Não dá para negar que Ms. Marvel largou com vantagem já com a escalação de Iman Vellani como a protagonista. Afinal, atriz e personagem compartilham a empolgação genuína de ser uma super-heroína e, mesmo sem saber todos os meandros que o posto pressupõe, ambas compensam qualquer eventual falta de aptidão com muito carisma. Esse é, sem dúvida, um dos grandes trunfos da produção, considerando que a série não escapa do ritmo inconstante que, infelizmente, também se tornou marca registrada das produções do Marvel Studios. No entanto, graças a presença encantadora de Vellani, até o mais arrastado dos episódios — sim, estou me referindo ao penúltimo, intitulado “Mais Uma Vez” — ou as cenas de ação mais ou menos ficam pequenos se comparados à experiência geral que a série proporciona.
No entanto, o diferencial de Ms. Marvel está mesmo na maneira como a série representou com sensibilidade, bom humor e, por vezes, firmeza o fato de Kamala ser parte da chamada segunda geração de imigrantes. É claro que se tratando de parte considerável da identidade da personagem, a Marvel não poderia escapar de retratar a dualidade de nascer e crescer nos Estados Unidos, enquanto mantém tradições paquistanesas. Mas é surpreendente como o estúdio a abraçou por inteiro, em todas as suas formas, e a tornou parte integral da sua trama, seja com um número de dança à la Bollywood, abrindo as portas de uma mesquita para o público mainstream ou literalmente questionando a versão para inglês ver de como transcorreu a Partição. É uma abordagem, em muitos sentidos, educativa, mas não de modo pedante ou documental. É, na realidade, a materialização de como esse tipo de retrato é raro nas produções ocidentais de grande alcance, e como pode ser também enriquecedor, inclusive do ponto de vista estético. Nesse sentido, vale dizer, Ms. Marvel oferece uma saída colorida e lúdica para o cinza decepcionante que domina a Marvel nessa fase 4, pertinente a qualquer história dominada por alunos do Ensino Médio — até porque Ms. Marvel é tão série teen, quanto é uma história de origem clássica de herói, e por isso sua experimentação com quê de A Família Mitchell e a Revolta das Máquinas foi tão bem-vinda.

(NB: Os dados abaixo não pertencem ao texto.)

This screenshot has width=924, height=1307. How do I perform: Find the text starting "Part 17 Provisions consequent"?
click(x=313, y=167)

Com Kamala livre para aprender por conta própria — e, portanto, sem estar à sombra de ninguém como certo Peter Parker (Tom Holland) —, ao mesmo tempo que tem crushes e descobre o mundo longe do conforto do colo dos pais, Ms. Marvel funciona, de fato, como a introdução da heroína ao universo cinematográfico e aquece organicamente para sua volta num futuro próximo. O seriado é perfeito? Não, longe disso. Mas, por mais que seu conflito central funcione mais enquanto conceito do que propriamente na sua construção, a série lembra o espectador que ser super, embora tão lugar-comum hoje em dia, ainda pode ser divertido. Basta ser original e priorizar o que a Marvel já fez tão bem: focar no lado humano dos seus ídolos.